Consider the binomial statistical model parameterized by the odds ratio \(\phi\): \[ L(\phi \mid x) \propto \frac{\phi^x}{(1+\phi)^n}. \] Take a \(\mathcal{B}_3(c,d,\kappa,\tau)\) prior distribution on \(\phi\): \[ \pi(\phi) \propto \frac{\phi^{c-1}(1+\phi)^{-\kappa}} {\left(1+\frac{\phi}{\tau}\right)^{c+d-\kappa}} \] Then the posterior distribution on \(\phi\) is \(\mathcal{B}_3(c+x,d+n-x,\kappa+n,\tau)\).

# Application to the Bayesian “two Poisson samples” model

Consider the statistical model given by two independent observations \[ x \sim \mathcal{P}(\lambda S), \quad y\sim\mathcal{P}(\mu T) \] where \(S\) and \(T\) are known “sample sizes”. We parametrize the model by \(\mu\) and \(\phi := \frac{\lambda}{\mu}\).

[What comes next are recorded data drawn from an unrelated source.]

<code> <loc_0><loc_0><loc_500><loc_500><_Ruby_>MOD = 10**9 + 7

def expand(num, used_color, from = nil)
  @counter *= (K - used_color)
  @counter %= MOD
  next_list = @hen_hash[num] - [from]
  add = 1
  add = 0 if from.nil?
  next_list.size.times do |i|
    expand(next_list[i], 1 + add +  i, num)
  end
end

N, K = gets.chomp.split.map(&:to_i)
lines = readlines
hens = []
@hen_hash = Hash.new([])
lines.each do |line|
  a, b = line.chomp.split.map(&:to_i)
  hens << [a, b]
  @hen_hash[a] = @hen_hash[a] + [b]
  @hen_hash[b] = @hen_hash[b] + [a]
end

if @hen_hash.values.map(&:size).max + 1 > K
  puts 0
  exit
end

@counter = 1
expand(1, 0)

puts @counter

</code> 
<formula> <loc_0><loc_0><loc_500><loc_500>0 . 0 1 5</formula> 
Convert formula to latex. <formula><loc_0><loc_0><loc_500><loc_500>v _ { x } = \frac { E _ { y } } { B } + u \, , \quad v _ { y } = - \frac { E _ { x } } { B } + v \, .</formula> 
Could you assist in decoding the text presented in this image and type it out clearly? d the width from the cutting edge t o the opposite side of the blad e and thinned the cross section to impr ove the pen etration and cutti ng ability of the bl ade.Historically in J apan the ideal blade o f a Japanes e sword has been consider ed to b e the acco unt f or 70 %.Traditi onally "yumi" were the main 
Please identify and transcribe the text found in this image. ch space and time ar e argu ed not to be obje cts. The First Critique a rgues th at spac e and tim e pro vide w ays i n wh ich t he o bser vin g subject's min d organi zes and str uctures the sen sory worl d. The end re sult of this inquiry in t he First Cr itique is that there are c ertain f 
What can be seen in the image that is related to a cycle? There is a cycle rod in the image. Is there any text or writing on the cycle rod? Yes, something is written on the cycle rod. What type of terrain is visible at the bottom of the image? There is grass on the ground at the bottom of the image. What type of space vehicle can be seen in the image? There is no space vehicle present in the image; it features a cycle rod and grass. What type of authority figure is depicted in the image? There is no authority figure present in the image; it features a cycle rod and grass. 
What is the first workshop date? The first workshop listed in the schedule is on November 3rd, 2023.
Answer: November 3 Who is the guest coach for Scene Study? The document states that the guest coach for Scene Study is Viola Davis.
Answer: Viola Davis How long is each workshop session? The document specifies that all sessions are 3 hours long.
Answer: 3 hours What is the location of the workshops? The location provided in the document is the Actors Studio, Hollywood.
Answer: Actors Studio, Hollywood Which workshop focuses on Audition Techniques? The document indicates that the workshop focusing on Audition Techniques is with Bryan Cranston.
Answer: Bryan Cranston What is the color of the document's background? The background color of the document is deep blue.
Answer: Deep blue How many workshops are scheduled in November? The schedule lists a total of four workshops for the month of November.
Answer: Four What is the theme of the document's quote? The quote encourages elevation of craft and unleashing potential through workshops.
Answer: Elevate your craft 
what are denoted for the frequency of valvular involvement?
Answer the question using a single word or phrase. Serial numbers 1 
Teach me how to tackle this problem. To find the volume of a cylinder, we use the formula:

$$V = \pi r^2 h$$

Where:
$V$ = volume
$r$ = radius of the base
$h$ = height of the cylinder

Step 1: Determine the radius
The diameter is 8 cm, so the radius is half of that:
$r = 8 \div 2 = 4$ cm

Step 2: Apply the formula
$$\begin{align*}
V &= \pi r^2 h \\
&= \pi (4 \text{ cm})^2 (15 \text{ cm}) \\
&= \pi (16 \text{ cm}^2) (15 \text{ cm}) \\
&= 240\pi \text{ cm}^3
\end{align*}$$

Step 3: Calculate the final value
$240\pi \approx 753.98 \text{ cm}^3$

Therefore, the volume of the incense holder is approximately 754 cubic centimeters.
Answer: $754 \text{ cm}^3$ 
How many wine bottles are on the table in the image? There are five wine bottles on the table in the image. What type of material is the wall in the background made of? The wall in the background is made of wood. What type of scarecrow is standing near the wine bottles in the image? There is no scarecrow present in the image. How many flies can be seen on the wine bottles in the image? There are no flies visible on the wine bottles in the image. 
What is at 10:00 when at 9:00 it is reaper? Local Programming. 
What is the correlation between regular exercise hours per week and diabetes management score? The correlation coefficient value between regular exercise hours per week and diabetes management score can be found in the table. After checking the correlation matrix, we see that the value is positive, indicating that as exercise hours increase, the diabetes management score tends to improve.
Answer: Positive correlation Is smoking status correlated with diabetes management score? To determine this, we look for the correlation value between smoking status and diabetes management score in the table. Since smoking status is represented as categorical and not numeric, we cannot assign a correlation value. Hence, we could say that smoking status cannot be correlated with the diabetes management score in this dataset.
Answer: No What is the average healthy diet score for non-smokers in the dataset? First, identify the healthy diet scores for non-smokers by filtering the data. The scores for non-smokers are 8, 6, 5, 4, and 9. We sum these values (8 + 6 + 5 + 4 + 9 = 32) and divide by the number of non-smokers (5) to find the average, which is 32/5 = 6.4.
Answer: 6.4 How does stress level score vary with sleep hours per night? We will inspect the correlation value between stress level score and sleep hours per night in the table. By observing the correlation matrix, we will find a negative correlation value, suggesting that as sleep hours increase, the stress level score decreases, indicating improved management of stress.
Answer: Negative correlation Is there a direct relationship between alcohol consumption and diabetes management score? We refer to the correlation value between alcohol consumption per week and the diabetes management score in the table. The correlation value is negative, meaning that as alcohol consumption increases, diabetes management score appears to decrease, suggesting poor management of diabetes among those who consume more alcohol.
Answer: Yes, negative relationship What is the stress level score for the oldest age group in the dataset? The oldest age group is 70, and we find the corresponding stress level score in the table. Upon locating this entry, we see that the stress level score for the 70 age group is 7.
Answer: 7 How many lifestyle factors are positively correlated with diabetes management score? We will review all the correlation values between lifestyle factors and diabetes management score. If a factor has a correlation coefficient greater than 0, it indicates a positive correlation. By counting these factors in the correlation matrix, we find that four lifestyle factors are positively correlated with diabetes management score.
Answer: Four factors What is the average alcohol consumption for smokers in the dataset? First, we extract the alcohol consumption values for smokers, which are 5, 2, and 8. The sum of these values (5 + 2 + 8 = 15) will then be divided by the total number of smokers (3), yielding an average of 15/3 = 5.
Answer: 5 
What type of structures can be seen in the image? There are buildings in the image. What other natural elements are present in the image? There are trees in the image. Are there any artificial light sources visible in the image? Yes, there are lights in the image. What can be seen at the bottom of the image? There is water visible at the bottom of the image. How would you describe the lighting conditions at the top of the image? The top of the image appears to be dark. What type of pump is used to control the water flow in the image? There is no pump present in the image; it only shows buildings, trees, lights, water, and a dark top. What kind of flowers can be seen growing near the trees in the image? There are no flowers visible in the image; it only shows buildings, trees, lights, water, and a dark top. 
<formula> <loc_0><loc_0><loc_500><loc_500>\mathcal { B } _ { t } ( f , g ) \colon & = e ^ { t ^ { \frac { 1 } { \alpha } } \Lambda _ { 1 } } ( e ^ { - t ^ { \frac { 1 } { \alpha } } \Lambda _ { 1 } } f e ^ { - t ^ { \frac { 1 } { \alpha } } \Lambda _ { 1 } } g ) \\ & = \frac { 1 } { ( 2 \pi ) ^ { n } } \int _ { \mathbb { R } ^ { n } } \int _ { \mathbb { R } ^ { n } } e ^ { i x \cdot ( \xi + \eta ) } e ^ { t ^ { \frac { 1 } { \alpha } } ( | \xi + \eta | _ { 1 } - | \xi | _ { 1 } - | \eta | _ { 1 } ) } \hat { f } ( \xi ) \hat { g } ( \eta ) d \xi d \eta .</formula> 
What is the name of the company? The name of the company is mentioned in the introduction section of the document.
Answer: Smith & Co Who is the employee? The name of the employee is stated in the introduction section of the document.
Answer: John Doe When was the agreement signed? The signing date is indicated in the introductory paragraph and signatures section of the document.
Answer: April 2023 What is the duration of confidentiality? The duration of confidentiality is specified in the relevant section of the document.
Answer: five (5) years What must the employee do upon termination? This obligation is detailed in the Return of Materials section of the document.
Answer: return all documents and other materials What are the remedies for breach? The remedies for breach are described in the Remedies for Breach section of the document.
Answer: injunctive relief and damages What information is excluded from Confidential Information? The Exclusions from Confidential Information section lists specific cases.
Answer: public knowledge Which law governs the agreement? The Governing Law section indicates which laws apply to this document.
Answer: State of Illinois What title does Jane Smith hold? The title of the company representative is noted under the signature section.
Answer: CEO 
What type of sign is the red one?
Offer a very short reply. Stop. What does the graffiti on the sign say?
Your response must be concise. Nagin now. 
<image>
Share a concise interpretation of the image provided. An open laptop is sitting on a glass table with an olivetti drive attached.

Assigning a Gamma prior distribution \(\mathcal{G}{B}(a,b)\) on \(\mu\), it is not difficult to get \[
(\mu \mid \phi,x,y) \sim\mathcal{G}(a+x+y, b + \phi S + T).
\] In their paper *A Bayesian framework for the ratio of two Poisson rates in the context of vaccine efficacy trials* (2011), Laurent & Legrand derived the marginal likelihood on \(\phi\) in the case of the semi-conjuguate family of prior distributions. Their result holds as long as \(\mu\) and \(\phi\) are independent under the prior distribution, and this result is \[
\widetilde{L}(\phi \mid x,y) \propto
\frac{\phi^x}{{(1+\rho\phi)}^{a+x+y}}
\] where \(\rho = \frac{S}{T+b}\).

Now, let’s assign a \(\mathcal{B}'(c,d,\tau)\) prior distribution on \(\phi\). Then the posterior distribution on \(\phi\) is given by \[ \pi(\phi \mid x,y) \propto \pi(\phi) \widetilde{L}(\phi \mid x,y) \propto \frac{\phi^{c+x-1}(1+\rho\phi)^{-(a+x+y)}} {\left(1+\frac{\phi}{\tau}\right)^{c+d}}, \] and by noting that \(\frac{\phi}{\tau} = \frac{\rho\phi}{\rho\tau}\), we recognize the scaled \(\mathcal{B}_3\) distribution \[ (\phi \mid x,y) \sim \frac{1}{\rho} \times \mathcal{B}_3(c+x, a+d+y, a+x+y, \rho\tau). \] In particular, if \(\tau = \frac{1}{\rho} = \frac{T+b}{S}\), then we find \[ (\phi \mid x,y) \sim \mathcal{B}_2(c+x, a+d+y, \tau), \] and this is the situation of the semi-conjugate family studied by Laurent & Legrand.